English French Spain Russian Portuguese Japanese Korean Chinese Simplified

01 Juli 2014

MUI: Stop Politisasi Agama

TELAGASARI, SK - Majelis Ulama Indonesia (MUI) Kecamatan Telagasari menyerukan para ustad dan guru ngaji untuk tidak menjadikan simbol agama sebagai tameng kepentingan politik. Tak hanya itu, MUI Kecamatan Telagasari juga meminta para tokoh agama untuk tidak meggunakan dalil-dalil agama sebagai jualan politik untuk menarik dukungan.

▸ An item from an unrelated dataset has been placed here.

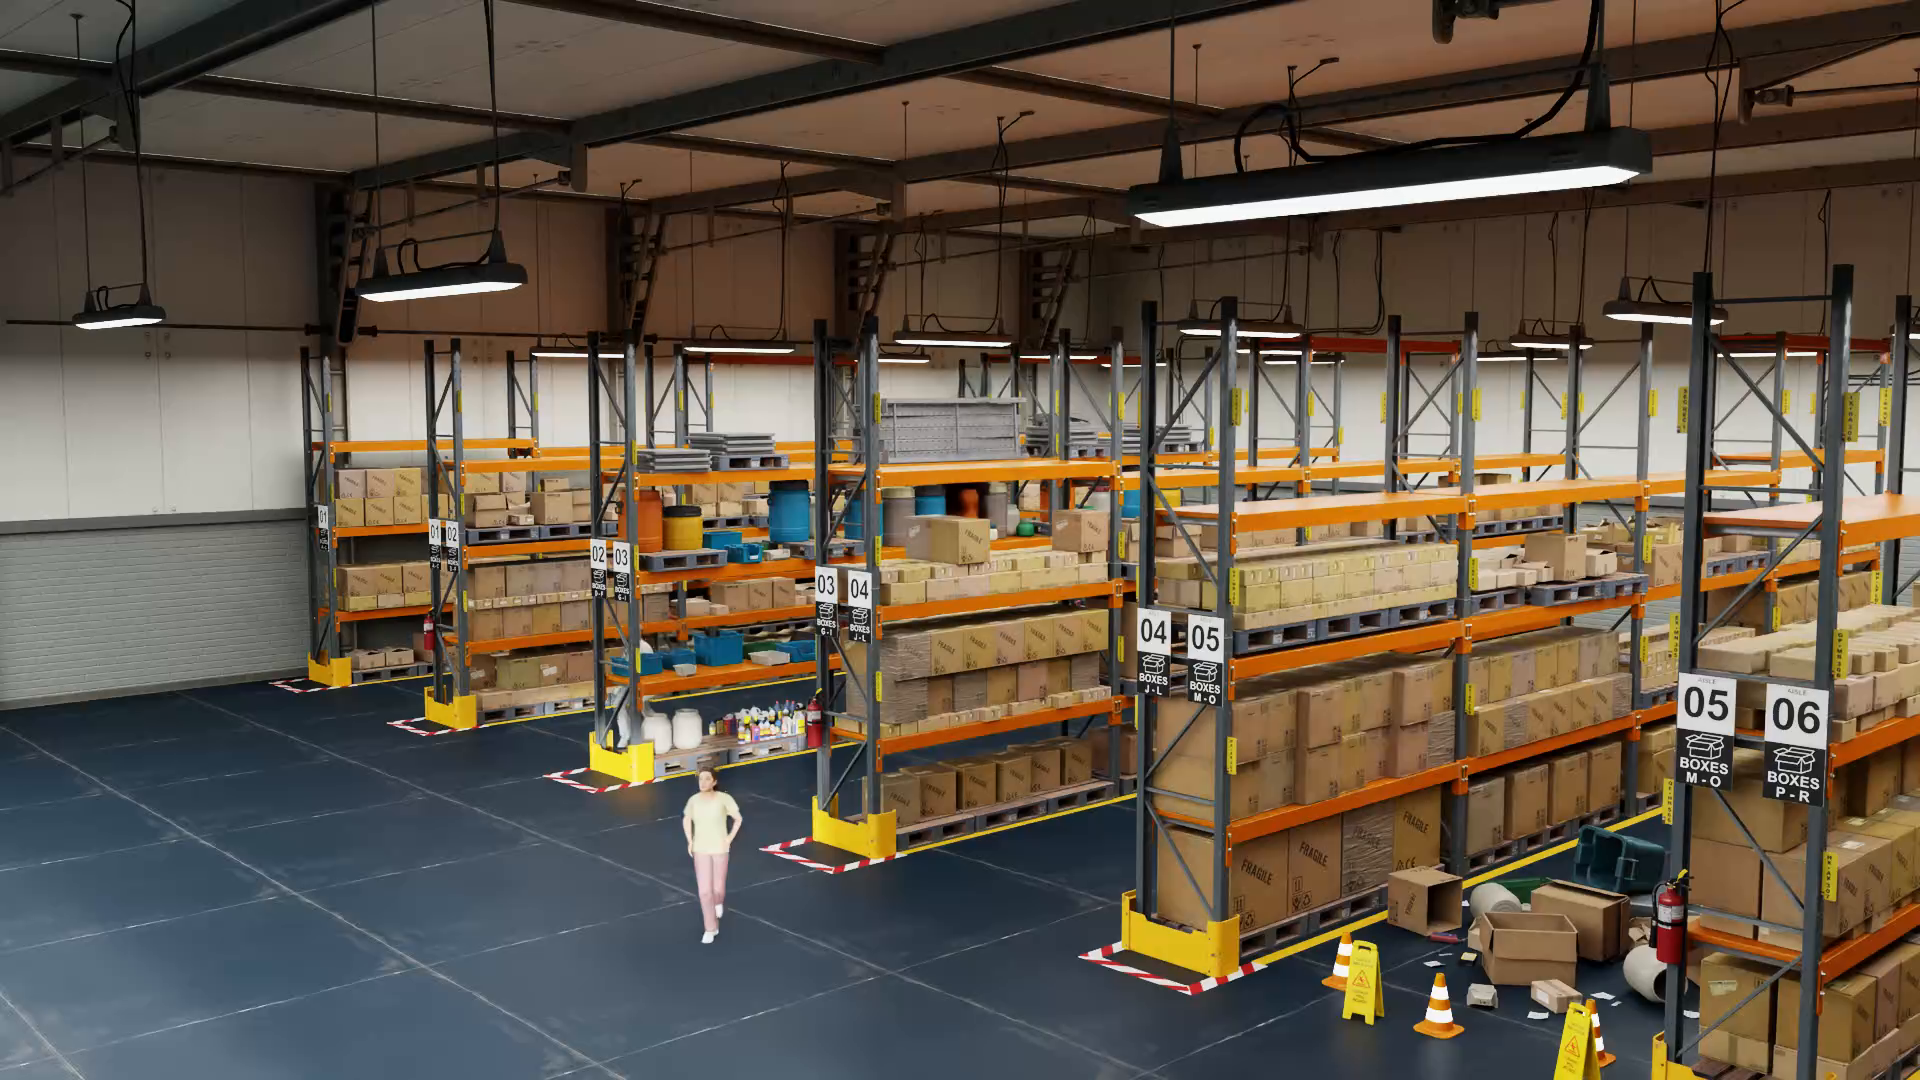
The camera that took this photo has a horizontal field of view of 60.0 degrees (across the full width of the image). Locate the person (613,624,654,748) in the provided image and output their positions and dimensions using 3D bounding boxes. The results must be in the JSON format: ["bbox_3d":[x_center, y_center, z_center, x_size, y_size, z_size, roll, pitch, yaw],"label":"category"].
[{"bbox_3d":[-4.751,2.141,24.375,0.667,1.843,0.822,4,6,35],"label":"person"}]

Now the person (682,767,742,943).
[{"bbox_3d":[-2.371,2.966,15.846,0.577,1.644,0.547,0,5,3],"label":"person"}]

Apalagi dalil yang digunakan tanpa tafsiran dan salah kaprah. "Kami menyerukan agar simbol agama dan dalil agama tidak dijadikan dagangan politik, meskipun kami tidak menampik bahwa hukum memilih pemimpin itu wajib," kata Ketua MUI Kecamatan Telagasari H Ahmad Jufri Salami.
Menurutnya, terkadang perilaku saling hujat untuk memenangkan capres sampai keluar dalil-dalil agama yang tendensius dan tidak ada esensinya dengan kenegaraan. Ia mencotohkan istilah 'minna wamihum' yang artinya ini golongan kami dan itu golongan mereka. Padahal istilah itu digunakan saat era Nabi Muhammad SAW untuk golongan Islam dan kata 'mereka' itu adalah kafir.

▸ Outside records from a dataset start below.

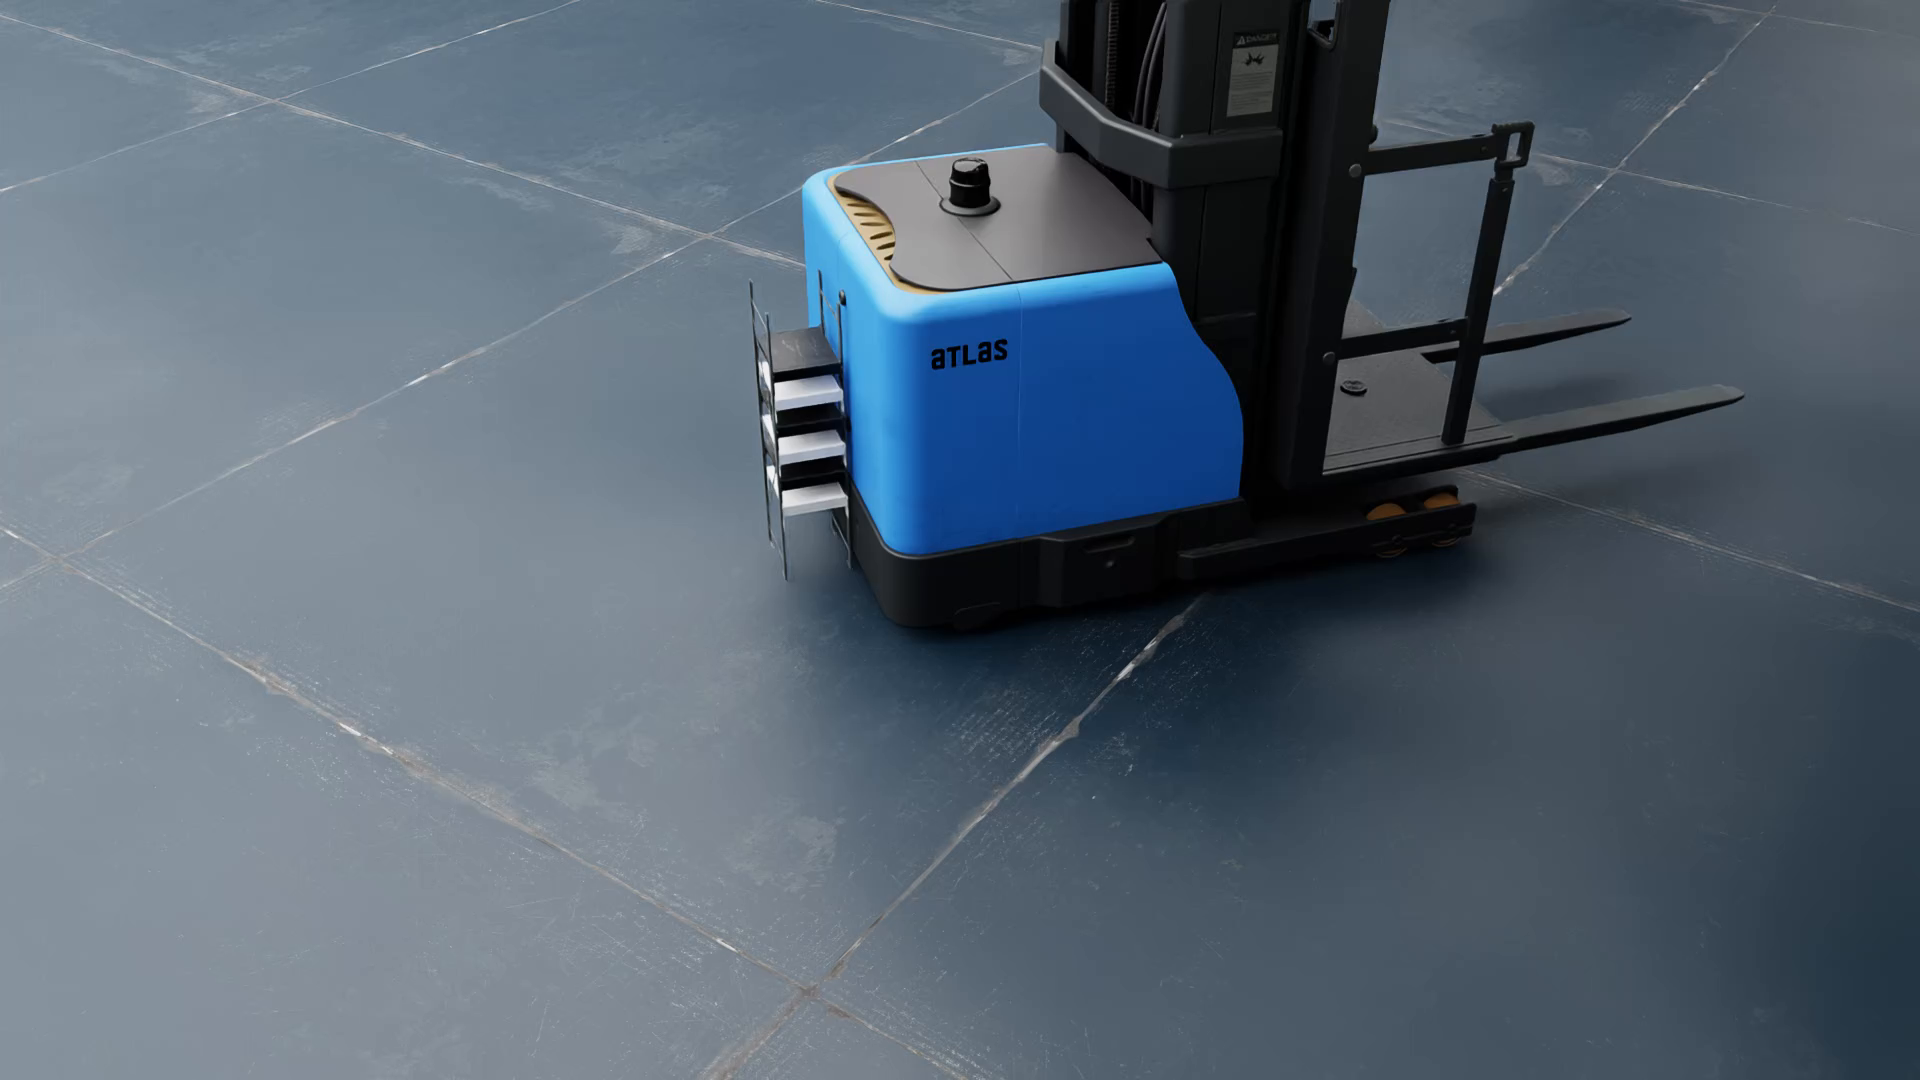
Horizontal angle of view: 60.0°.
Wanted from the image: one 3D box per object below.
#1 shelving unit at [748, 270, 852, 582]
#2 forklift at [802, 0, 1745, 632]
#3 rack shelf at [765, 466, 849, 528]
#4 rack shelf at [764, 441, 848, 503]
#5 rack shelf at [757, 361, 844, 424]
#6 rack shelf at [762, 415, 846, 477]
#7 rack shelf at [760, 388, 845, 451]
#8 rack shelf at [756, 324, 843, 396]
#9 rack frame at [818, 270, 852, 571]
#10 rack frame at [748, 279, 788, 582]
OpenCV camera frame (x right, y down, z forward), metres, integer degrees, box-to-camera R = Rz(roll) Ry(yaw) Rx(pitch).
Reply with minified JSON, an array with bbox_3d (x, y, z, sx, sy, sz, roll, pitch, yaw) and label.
[{"bbox_3d":[-0.467,-0.326,4.928,0.210,0.900,0.258,-10,35,-15],"label":"shelving unit"},{"bbox_3d":[1.090,-1.430,4.748,3.031,2.935,1.130,-10,35,-15],"label":"forklift"},{"bbox_3d":[-0.467,-0.149,5.048,0.200,0.077,0.258,-10,35,-15],"label":"rack shelf"},{"bbox_3d":[-0.467,-0.224,4.997,0.200,0.077,0.258,-10,35,-15],"label":"rack shelf"},{"bbox_3d":[-0.467,-0.447,4.846,0.200,0.077,0.258,-10,35,-15],"label":"rack shelf"},{"bbox_3d":[-0.467,-0.298,4.947,0.200,0.077,0.258,-10,35,-15],"label":"rack shelf"},{"bbox_3d":[-0.467,-0.373,4.897,0.200,0.077,0.258,-10,35,-15],"label":"rack shelf"},{"bbox_3d":[-0.467,-0.522,4.796,0.200,0.077,0.258,-10,35,-15],"label":"rack shelf"},{"bbox_3d":[-0.371,-0.343,4.954,0.006,0.900,0.240,-10,35,-15],"label":"rack frame"},{"bbox_3d":[-0.564,-0.308,4.902,0.006,0.900,0.240,-10,35,-15],"label":"rack frame"}]

Begitupun saat era orde baru, penggunaan penggalan ayat 'walaa taqrobu haadzihisyajaroh' yang artinya jangan kamu mendekati pohon ini (khuldi) dan justru diartikan pohon beringin. Padahal pohon khuldi itu adalah yang dilarang Allah untuk didekati Nabi Adam. Artinya pohon beringin dikesankan siapapun yang mendekati Golkar adalah tergoda bisikan syetan. "Inilah yang saya maksud, agar umat Islam jangan sembarang menjadikan dalil itu tameng yang justru objeknya tidak jelas, pada akhirnya ukhuwah Islamiyah antar sesama muslim akan pecah," katanya.

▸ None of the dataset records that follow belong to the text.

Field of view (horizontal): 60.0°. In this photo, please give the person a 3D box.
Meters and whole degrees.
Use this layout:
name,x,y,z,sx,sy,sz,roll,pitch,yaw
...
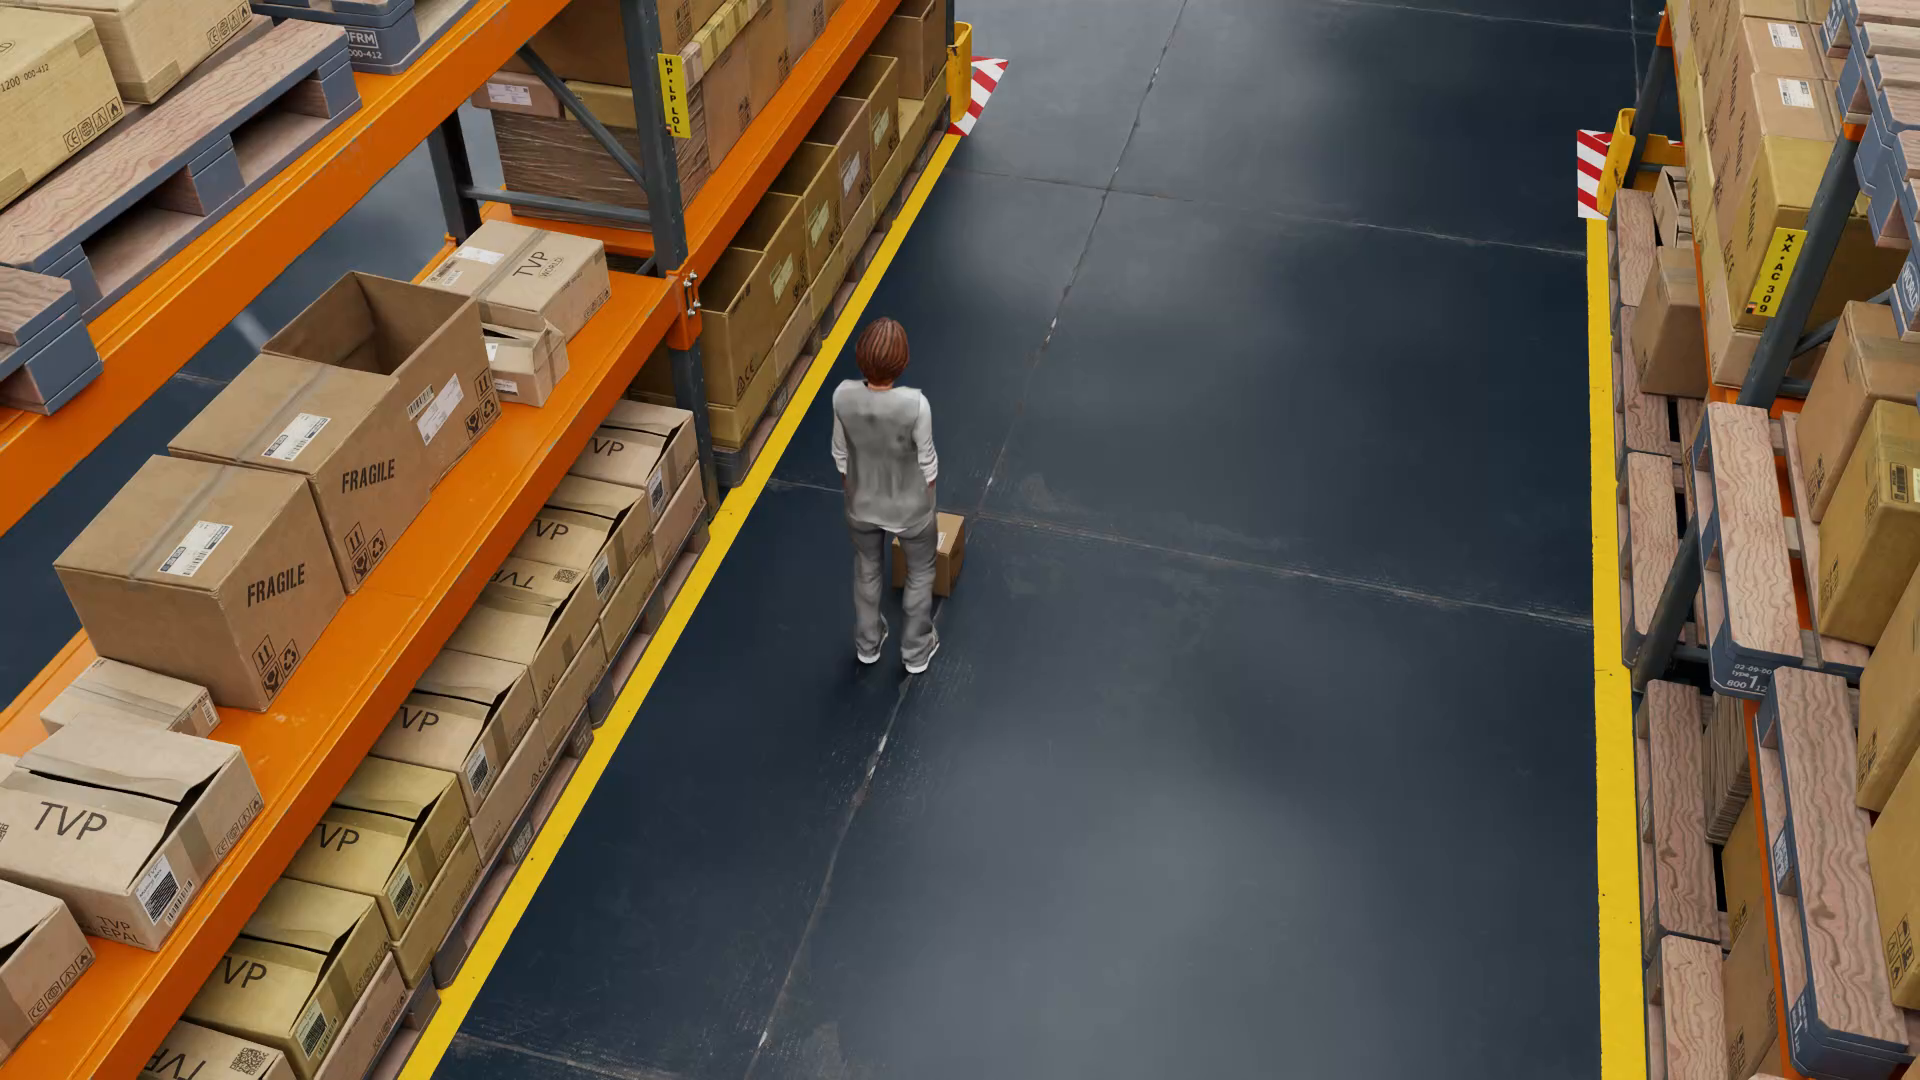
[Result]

Lebih lanjut Kiai Jufri menambahkan, momen pemilihan capres saat bulan Ramadan ini jangan bersaing dengan saling hujat dan memperbesar ghibah, karena ghibah atau menjelekkan orang lain apalagi sesama muslim dengan isu-isu sara jelas mengurangi nilai ibadah puasa. Justru tambahnya, persaingan itu haruslah dijadikan ajang fastabiqul khairat dan jangan saling ghibah, apalagi mengadu domba.
Karenanya sebisa mungkin ia beharap umat Islam bisa menangkis hal itu dengan saling meredam emosi dan memaafkan orang yang berbuat salah sebagaimana petunjuk Allah dalam Quran surat Al Imran 134. Diakui Jufri, politik itu penting untuk kepemimpinan karena haram hukumnya golput, namun ia melihat banyak ustad dan guru agama saat ini menyelipkan pengajian-pengajiannya dengan arahan dukung mendukung. Hal itu menurutnya merupakan hal wajar selama berada dalam rel Islam dan syariatnya, namun jika khawatir bisa memecah belah jamaah dan tidak berpihak pada jalur kebenaran hendaknya dihindarkan. "Tidak sedikit orang berpuasa hanya mendapatkan haus dan lapar saja, hal itu diakibatkan karena ghibah, namimah dan saling hujat, maka umat harus kita bentengi," tambahnya.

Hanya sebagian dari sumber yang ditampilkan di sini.